Back in the 50's I remember looking forward eagerly every month to the Children's Digest - it was filled with adventure stories, cartoons, games and easy recipes for children. That's where I first learned to spread mustard on the bread when making grilled cheese. For some reason a historical cartoon about Catherine the Great has stuck with me to this day. Crude line drawings of poor myopic Catherine cruised down the Volga as General Potemkin pointed out the glorious towns he had constructed along its banks. Catherine was too short-sighted, in more ways than one, to see that they were canvas and wood stage scenery that the wily General had trundle from one location to the other. Everything was facade - even some of the cheering people were cardboard.

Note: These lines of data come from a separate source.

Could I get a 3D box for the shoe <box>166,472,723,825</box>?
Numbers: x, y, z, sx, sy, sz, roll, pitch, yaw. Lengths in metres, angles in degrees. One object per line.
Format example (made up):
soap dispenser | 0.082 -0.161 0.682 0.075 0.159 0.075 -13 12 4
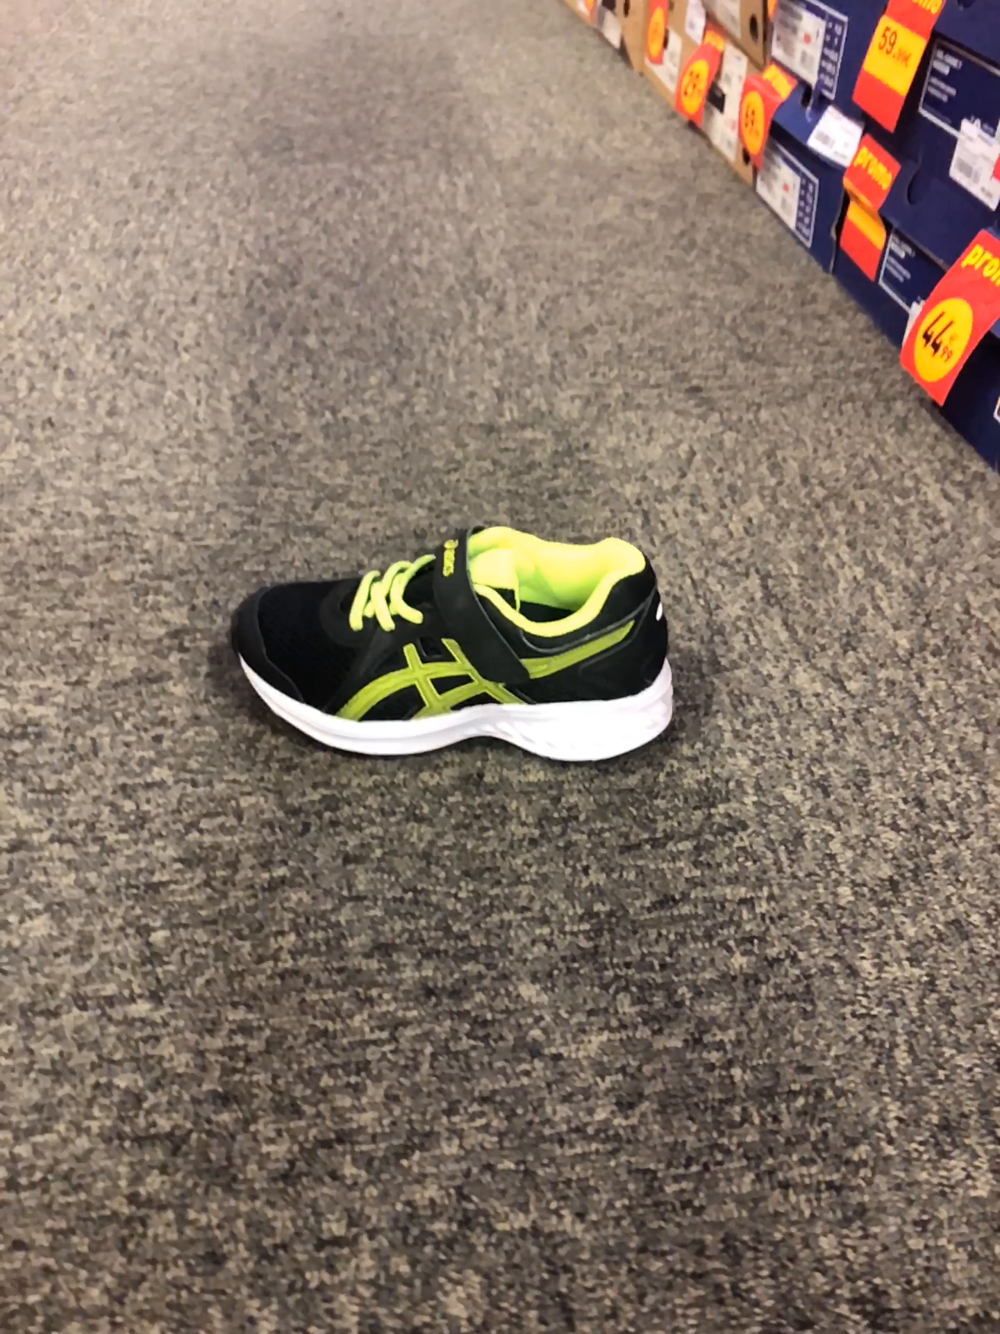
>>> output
shoe | -0.017 -0.010 0.452 0.200 0.080 0.091 7 42 4

Some unusual architecture in Hanoi and along Hwy 1 brought that old cartoon to mind the past few days. In town the streets and roads are crowded with three or four story narrow buildings with elaborate facades - cupolas, balustrades, baroque details - in vibrant sherbet colors faintly reminiscent of that polyester yarn my mother used to make slippers. In the countryside these rococo concoctions stand alone in the middle of fields or beside squat traditional dwellings.

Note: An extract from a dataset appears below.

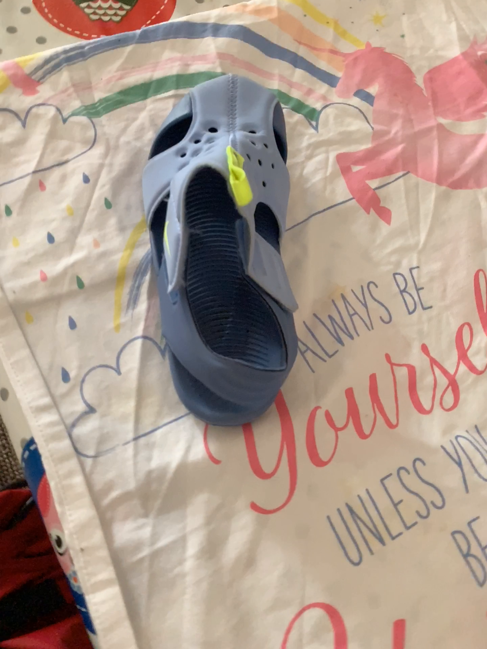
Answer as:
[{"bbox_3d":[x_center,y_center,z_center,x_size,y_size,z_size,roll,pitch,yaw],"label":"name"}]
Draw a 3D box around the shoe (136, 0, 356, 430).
[{"bbox_3d":[-0.007,-0.059,0.273,0.086,0.090,0.216,0,71,-7],"label":"shoe"}]

Those facades may be a riot of French, Dutch and British colonial details but the sides are completely bare of anything other than gray concrete, in most cases devoid of windows or doors.
In town these properties are known as tunnel houses. Under the French administration you were taxed on the width not the depth of your property - so common sense and a desire to avoid taxes says build narrow but deep. The logic for not finishing the sides? Someone was going to build next to you anyway so what was the point of wasting good money! Spend it all on what will show. But often the house next door will not be the same height or profile and is most certainly not the same colour. It gives most towns an endearing crazy quilt in progress appearance that is uniquely Vietnamese.

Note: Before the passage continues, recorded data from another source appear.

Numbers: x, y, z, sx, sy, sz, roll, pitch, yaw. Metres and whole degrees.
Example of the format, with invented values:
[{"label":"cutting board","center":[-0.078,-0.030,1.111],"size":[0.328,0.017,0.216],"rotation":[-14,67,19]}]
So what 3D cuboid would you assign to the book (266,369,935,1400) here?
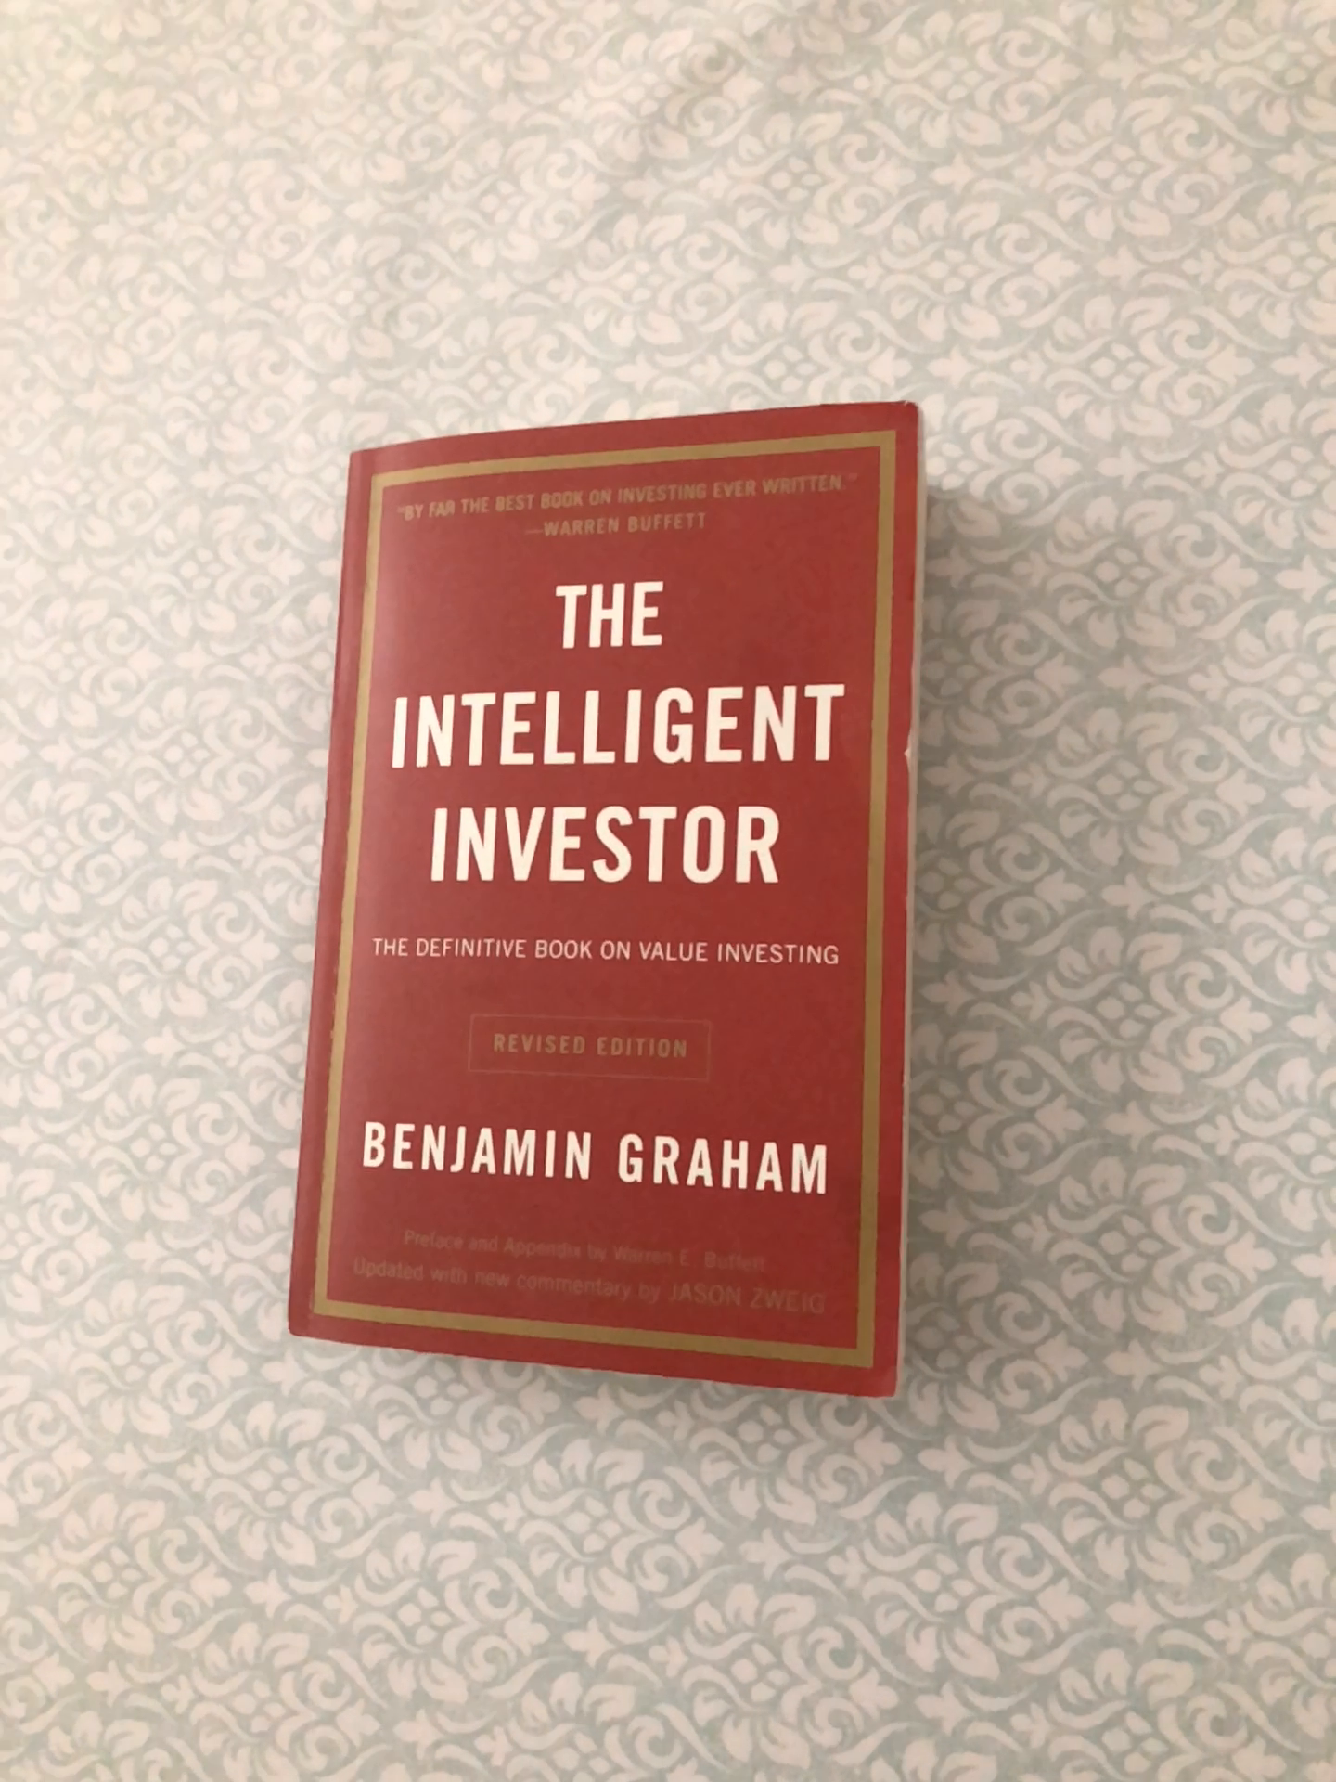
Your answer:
[{"label":"book","center":[-0.011,-0.002,0.326],"size":[0.130,0.050,0.200],"rotation":[0,83,16]}]

After nightfall, at the end of the 10 hour train ride from Sapa to Hanoi we caught glimpses into many of these houses as we crawled from the countryside into increasingly larger towns. Often the interiors were concrete walls adorned with ornate picture frames, set with elaborately carved furniture, some harshly lit by overhead neon but always with the illuminating glow of a TV set at one end of the room. Unlike Potemkin's houses these elaborate facades were filled with families - cooking, eating, playing games, occasionally watching us go by - living their daily lives.